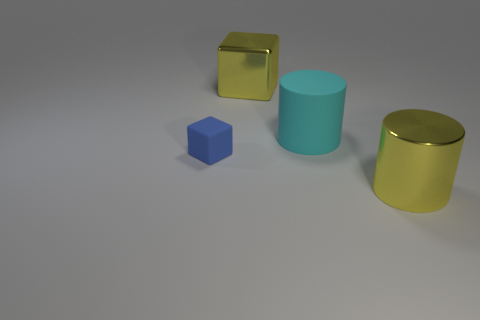Is the small matte block the same color as the large rubber thing?
Give a very brief answer. No. There is a yellow block that is the same size as the cyan matte cylinder; what material is it?
Your response must be concise. Metal. Is the material of the cyan cylinder the same as the tiny blue cube?
Your answer should be very brief. Yes. What number of other big cylinders are the same material as the cyan cylinder?
Your answer should be very brief. 0. What number of objects are large yellow things in front of the cyan object or cubes that are right of the small cube?
Offer a very short reply. 2. Are there more large cyan things that are left of the small blue matte cube than small cubes that are behind the large cyan rubber thing?
Provide a succinct answer. No. The big shiny thing that is in front of the big shiny cube is what color?
Make the answer very short. Yellow. Are there any other blue rubber things that have the same shape as the small blue rubber thing?
Offer a very short reply. No. What number of cyan objects are either big metal cylinders or matte cylinders?
Provide a succinct answer. 1. Is there another yellow block that has the same size as the rubber cube?
Give a very brief answer. No. 
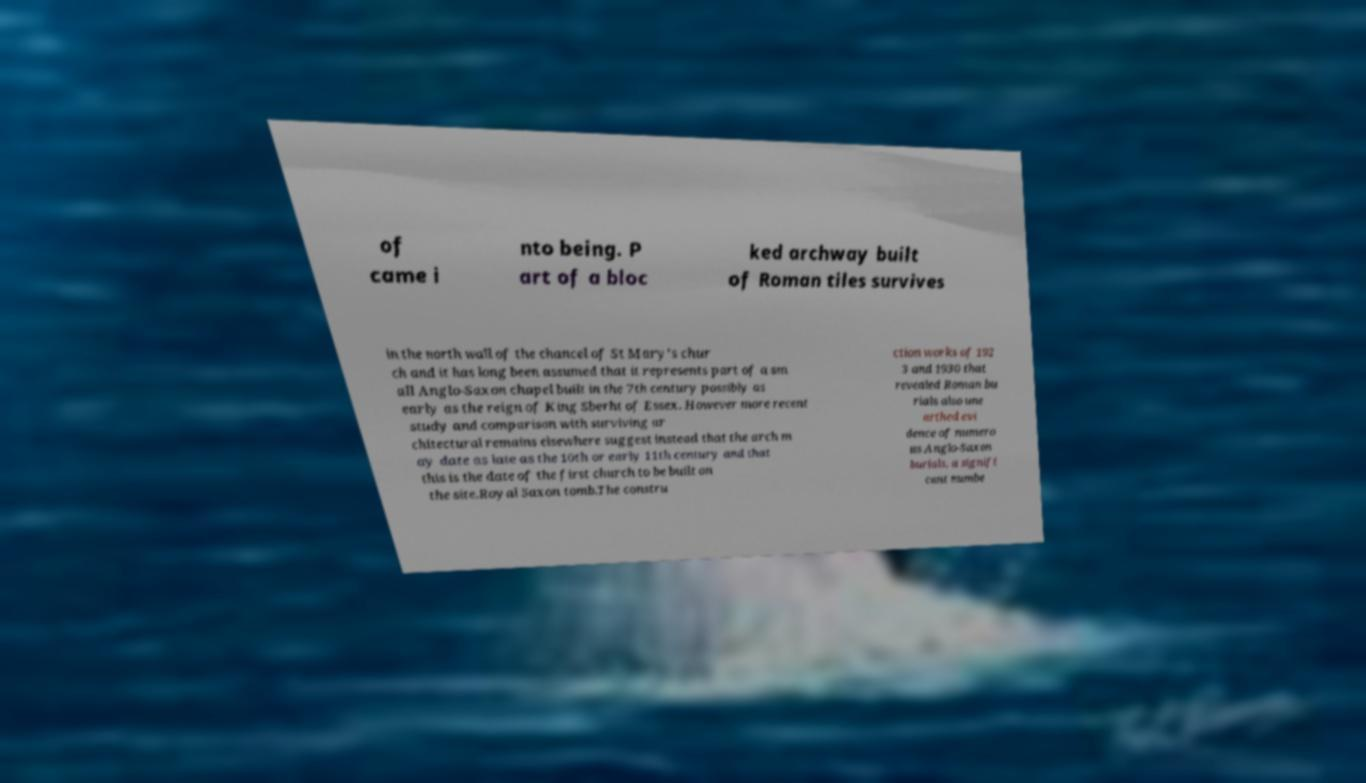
☆ ☆ ☆ ☆ ☆ ☆ ☆
_Assigned task_.
Copy each entry exactly as written, and drop the pictures from the copy.

_Expected answer_.
Is the small matte block the same color as the large rubber thing?
Give a very brief answer. No. There is a yellow block that is the same size as the cyan matte cylinder; what material is it?
Your response must be concise. Metal. Is the material of the cyan cylinder the same as the tiny blue cube?
Your answer should be very brief. Yes. What number of other big cylinders are the same material as the cyan cylinder?
Your answer should be very brief. 0. What number of objects are large yellow things in front of the cyan object or cubes that are right of the small cube?
Offer a very short reply. 2. Are there more large cyan things that are left of the small blue matte cube than small cubes that are behind the large cyan rubber thing?
Provide a succinct answer. No. The big shiny thing that is in front of the big shiny cube is what color?
Make the answer very short. Yellow. Are there any other blue rubber things that have the same shape as the small blue rubber thing?
Offer a very short reply. No. What number of cyan objects are either big metal cylinders or matte cylinders?
Provide a succinct answer. 1. Is there another yellow block that has the same size as the rubber cube?
Give a very brief answer. No. 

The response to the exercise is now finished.